╔══

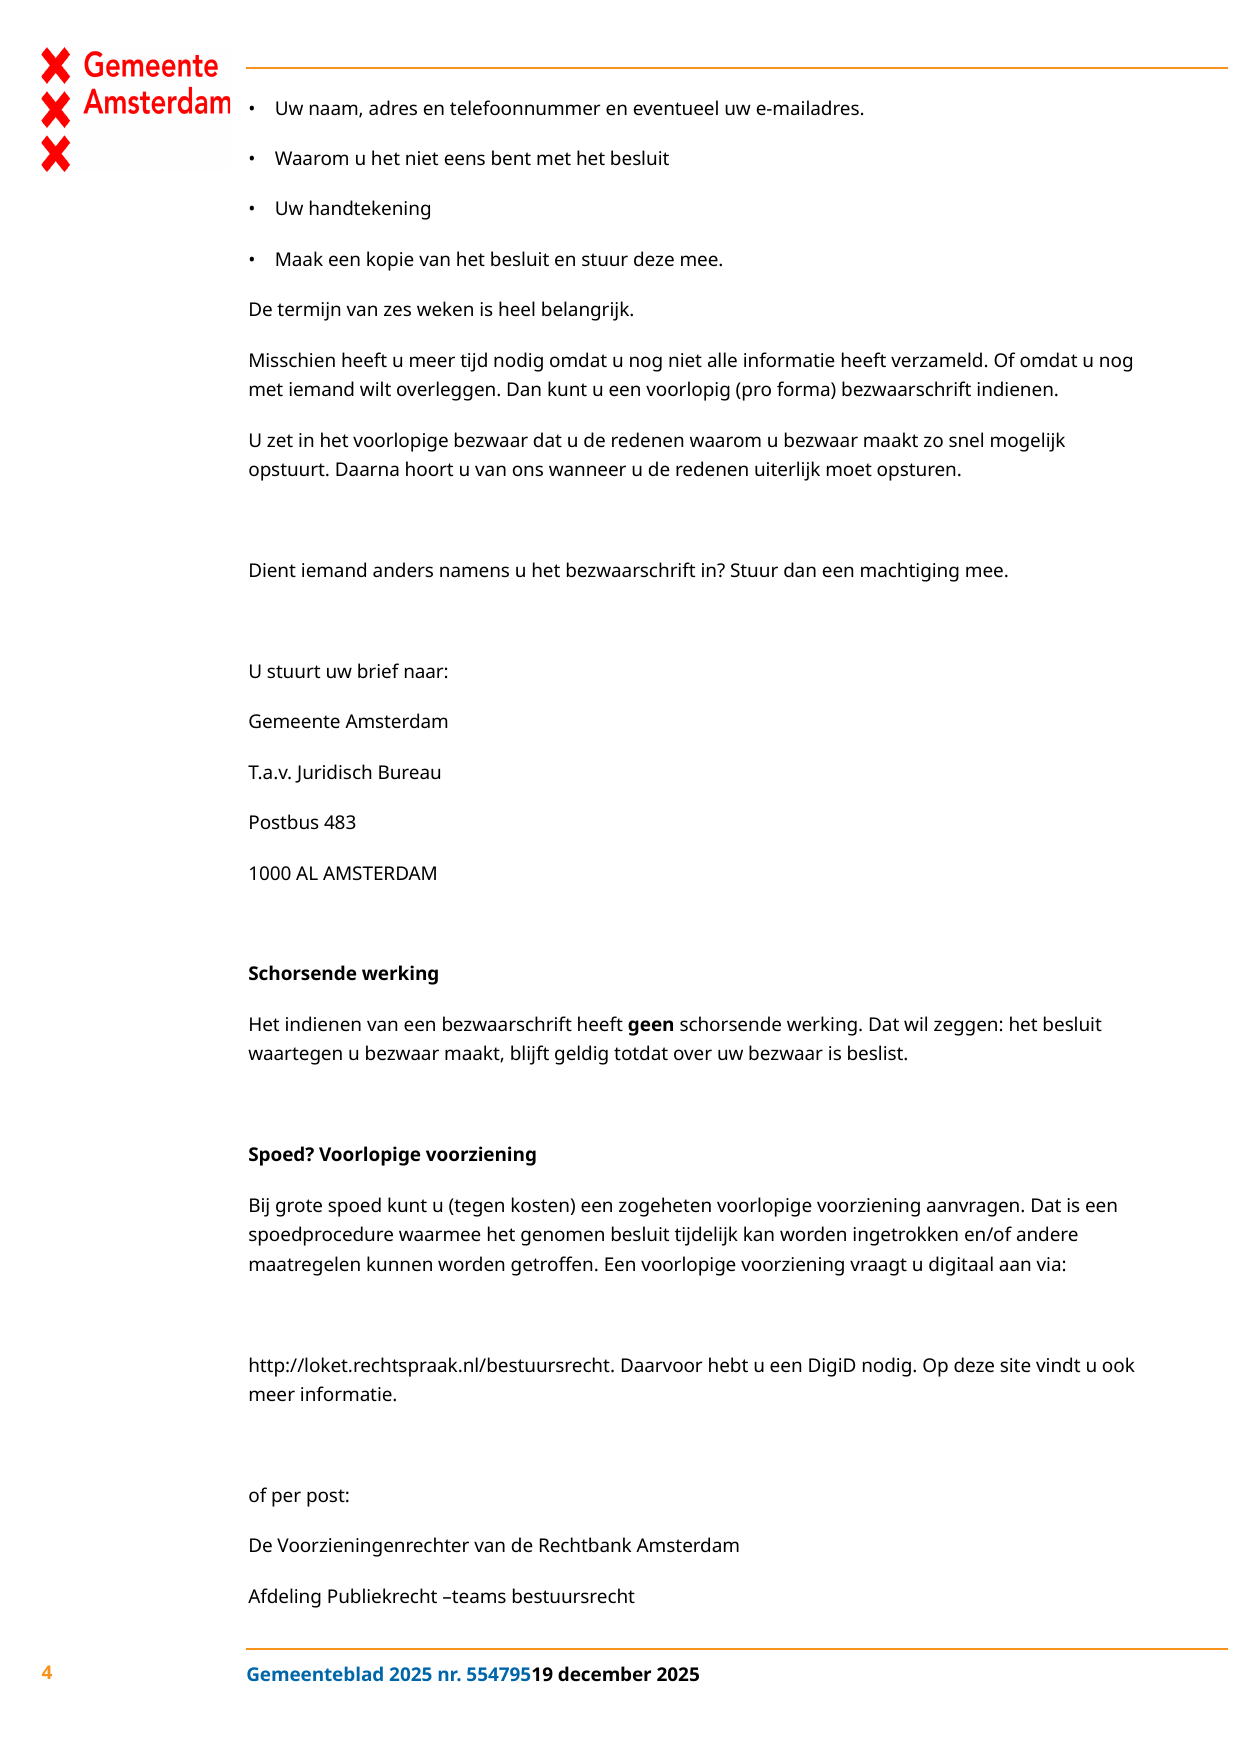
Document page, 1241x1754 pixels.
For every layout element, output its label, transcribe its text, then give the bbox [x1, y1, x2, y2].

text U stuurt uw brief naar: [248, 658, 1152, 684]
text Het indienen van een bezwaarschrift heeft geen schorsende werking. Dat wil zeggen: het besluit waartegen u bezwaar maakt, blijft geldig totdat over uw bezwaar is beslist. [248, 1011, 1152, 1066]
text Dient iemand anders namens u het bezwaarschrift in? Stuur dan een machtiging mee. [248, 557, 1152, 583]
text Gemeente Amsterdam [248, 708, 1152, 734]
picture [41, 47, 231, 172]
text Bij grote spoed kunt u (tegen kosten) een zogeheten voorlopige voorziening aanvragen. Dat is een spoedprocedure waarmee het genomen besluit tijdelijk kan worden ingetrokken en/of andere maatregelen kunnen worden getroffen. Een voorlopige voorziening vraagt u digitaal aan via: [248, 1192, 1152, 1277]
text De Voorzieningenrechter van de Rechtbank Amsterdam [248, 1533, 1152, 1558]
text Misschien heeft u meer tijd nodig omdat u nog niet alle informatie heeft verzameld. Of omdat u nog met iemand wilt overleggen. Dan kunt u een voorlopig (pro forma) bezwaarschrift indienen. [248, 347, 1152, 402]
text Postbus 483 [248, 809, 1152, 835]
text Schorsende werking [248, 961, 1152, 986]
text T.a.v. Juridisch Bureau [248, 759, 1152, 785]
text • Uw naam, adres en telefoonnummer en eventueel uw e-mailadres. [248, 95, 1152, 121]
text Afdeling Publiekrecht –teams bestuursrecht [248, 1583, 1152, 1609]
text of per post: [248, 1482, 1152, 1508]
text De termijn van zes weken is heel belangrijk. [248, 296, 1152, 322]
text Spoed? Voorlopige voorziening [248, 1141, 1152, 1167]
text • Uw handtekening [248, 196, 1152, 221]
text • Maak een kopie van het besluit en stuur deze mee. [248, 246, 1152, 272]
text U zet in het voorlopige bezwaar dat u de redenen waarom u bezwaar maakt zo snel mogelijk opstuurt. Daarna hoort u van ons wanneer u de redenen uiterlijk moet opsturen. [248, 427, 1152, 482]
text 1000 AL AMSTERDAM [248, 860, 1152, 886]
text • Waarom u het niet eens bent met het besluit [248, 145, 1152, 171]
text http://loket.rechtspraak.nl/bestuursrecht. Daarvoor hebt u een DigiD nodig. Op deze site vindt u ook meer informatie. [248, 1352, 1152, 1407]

╚══

> Exercise description
Pictures excluded, repeat the records exactly from their opening line through the line containing "text De Voorzieningenrechter".

> Response to the exercise
Document page, 1241x1754 pixels.
For every layout element, output its label, transcribe its text, then give the bbox [x1, y1, x2, y2].

text U stuurt uw brief naar: [248, 658, 1152, 684]
text Het indienen van een bezwaarschrift heeft geen schorsende werking. Dat wil zeggen: het besluit waartegen u bezwaar maakt, blijft geldig totdat over uw bezwaar is beslist. [248, 1011, 1152, 1066]
text Dient iemand anders namens u het bezwaarschrift in? Stuur dan een machtiging mee. [248, 557, 1152, 583]
text Gemeente Amsterdam [248, 708, 1152, 734]
picture [41, 47, 231, 172]
text Bij grote spoed kunt u (tegen kosten) een zogeheten voorlopige voorziening aanvragen. Dat is een spoedprocedure waarmee het genomen besluit tijdelijk kan worden ingetrokken en/of andere maatregelen kunnen worden getroffen. Een voorlopige voorziening vraagt u digitaal aan via: [248, 1192, 1152, 1277]
text De Voorzieningenrechter van de Rechtbank Amsterdam [248, 1533, 1152, 1558]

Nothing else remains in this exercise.